Parametric investigation of in-situ synthesis of carbon nanotubes on Al2O3 powder by the rotary chemical vapor deposition method

Abstract

A new kind of rotary chemical vapor deposition (R-CVD) system was built to prepare in-situ uniformly dispersed carbon nanotubes (CNTs) on alumina (Al2O3) powder (matrix) by using Ni as catalyst and acetylene (C2H2) as carbon source. The critical CNT growth factors, such as synthesis temperature, growth time, the carbon-source gas-flow rate ratio, and the rotation speed of the furnace tube were investigated for process optimization. In addition, the quality and quantity of the synthesized CNTs on the surface of Al2O3 were investigated by scanning electron microscope (SEM), transmission electron microscopy (TEM), Raman spectroscopy, X-ray diffraction (XRD), and thermo-gravimetric analysis (TGA).
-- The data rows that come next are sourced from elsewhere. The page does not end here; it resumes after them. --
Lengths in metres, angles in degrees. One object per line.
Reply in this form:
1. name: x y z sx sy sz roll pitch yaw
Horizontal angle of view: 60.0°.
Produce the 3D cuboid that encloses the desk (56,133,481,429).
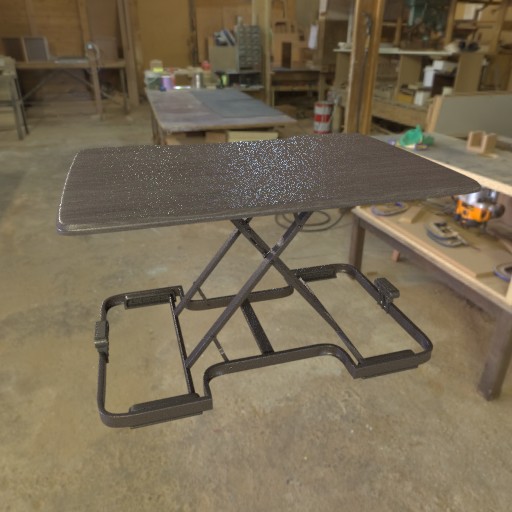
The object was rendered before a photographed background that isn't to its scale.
1. desk: 0.000 0.000 1.116 0.820 0.470 0.546 -7 28 -14
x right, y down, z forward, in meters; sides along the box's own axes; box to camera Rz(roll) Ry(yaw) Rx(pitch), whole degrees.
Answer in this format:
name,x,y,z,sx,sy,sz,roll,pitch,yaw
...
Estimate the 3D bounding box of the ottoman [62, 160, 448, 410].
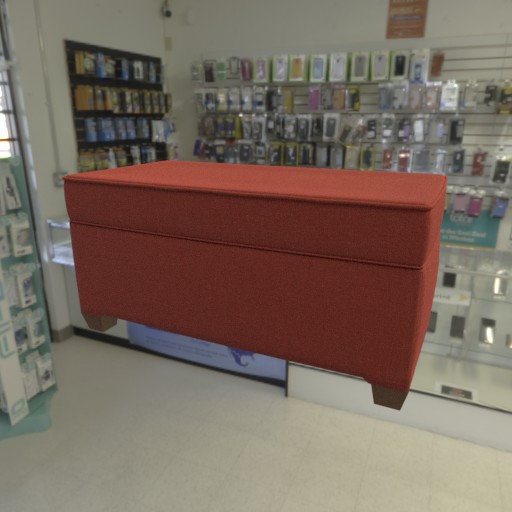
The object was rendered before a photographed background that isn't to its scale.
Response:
name,x,y,z,sx,sy,sz,roll,pitch,yaw
ottoman,0.000,0.000,1.248,0.948,0.454,0.497,8,19,24
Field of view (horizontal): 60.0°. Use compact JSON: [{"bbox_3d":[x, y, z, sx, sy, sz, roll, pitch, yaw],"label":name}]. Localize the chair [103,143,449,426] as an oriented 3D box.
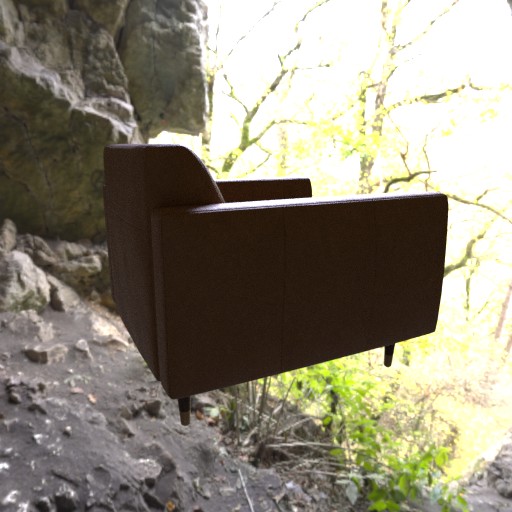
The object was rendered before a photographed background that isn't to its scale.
[{"bbox_3d":[0.000,0.000,1.670,0.998,0.819,0.953,-7,16,-26],"label":"chair"}]
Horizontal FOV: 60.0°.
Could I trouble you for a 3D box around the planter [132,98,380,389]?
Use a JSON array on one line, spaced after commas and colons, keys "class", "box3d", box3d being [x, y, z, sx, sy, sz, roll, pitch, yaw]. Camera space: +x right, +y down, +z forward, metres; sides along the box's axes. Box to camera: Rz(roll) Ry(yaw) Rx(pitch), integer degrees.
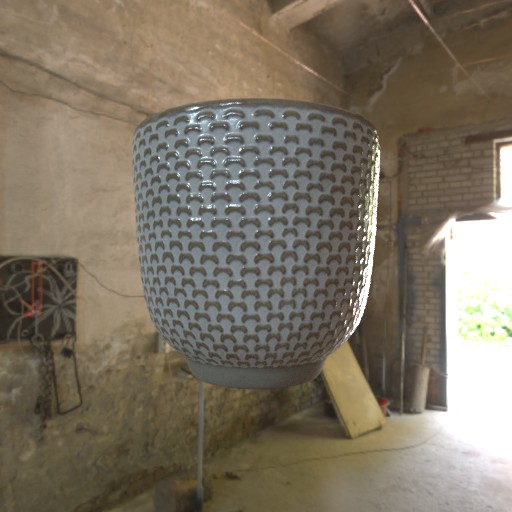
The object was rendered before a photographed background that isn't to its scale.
[{"class": "planter", "box3d": [0.000, 0.000, 0.364, 0.197, 0.191, 0.197, 0, -1, 0]}]
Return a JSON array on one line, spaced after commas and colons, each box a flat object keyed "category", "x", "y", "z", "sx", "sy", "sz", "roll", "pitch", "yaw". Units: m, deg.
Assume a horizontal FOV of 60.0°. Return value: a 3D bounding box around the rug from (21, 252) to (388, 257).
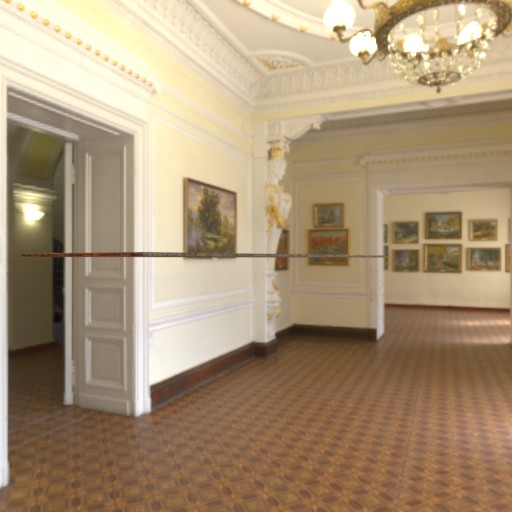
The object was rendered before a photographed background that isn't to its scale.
[{"category": "rug", "x": 0.000, "y": 0.000, "z": 2.668, "sx": 0.810, "sy": 0.016, "sz": 2.413, "roll": 0, "pitch": 0, "yaw": 36}]
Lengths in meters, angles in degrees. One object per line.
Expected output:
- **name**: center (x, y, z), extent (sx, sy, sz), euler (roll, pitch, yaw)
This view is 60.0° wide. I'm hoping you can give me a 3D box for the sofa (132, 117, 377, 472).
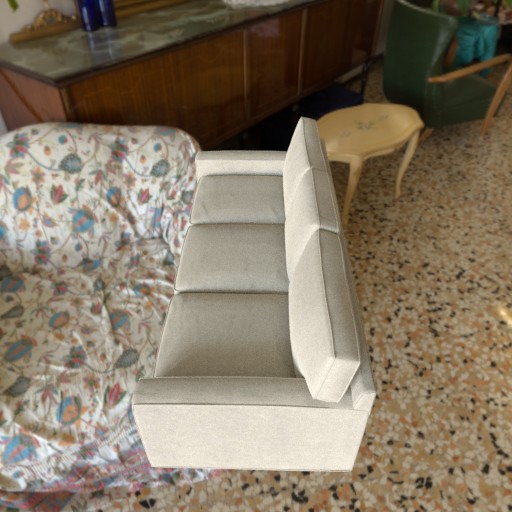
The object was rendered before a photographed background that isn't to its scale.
- **sofa**: center (0.000, 0.000, 2.560), extent (0.936, 0.862, 2.093), euler (1, 40, 1)
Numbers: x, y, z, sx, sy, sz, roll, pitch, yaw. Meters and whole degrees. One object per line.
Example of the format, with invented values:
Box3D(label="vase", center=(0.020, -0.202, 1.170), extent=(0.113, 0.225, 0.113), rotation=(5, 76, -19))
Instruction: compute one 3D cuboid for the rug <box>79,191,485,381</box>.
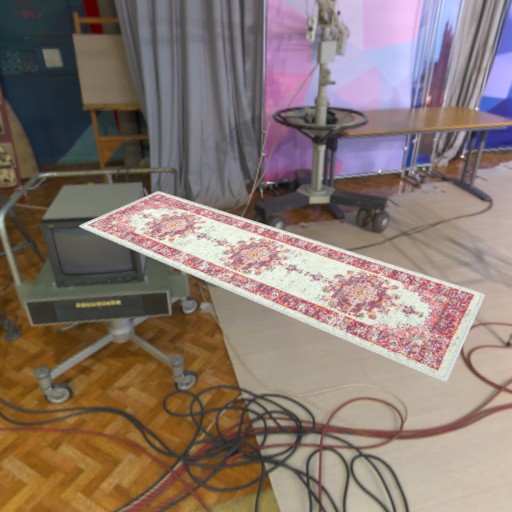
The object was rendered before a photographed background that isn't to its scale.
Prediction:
Box3D(label="rug", center=(0.000, 0.000, 2.007), extent=(1.824, 0.009, 0.562), rotation=(20, 36, 30))
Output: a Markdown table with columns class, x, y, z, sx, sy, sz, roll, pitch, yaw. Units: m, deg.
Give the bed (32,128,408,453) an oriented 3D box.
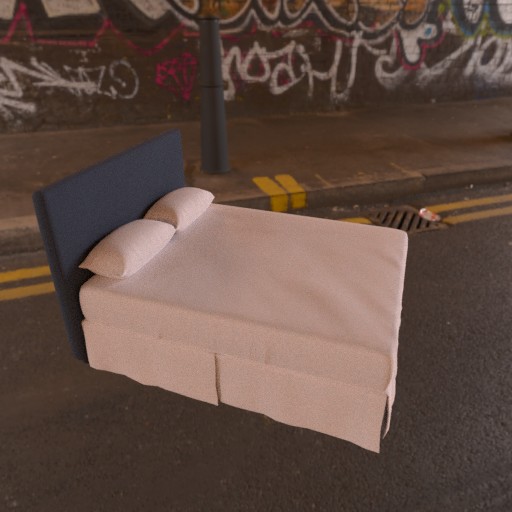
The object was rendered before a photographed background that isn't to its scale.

The results showed that the R-CVD allows the use of higher concentrations of a carbon source gas (C2H2:N2 = 1:5) and lower synthesis temperature (500 °C) compared to the traditional CVD process. The synthesized CNTs also exhibit a higher yield rate and more uniform distribution, which has greater application prospects in the field of preparing CNTs reinforced composite materials.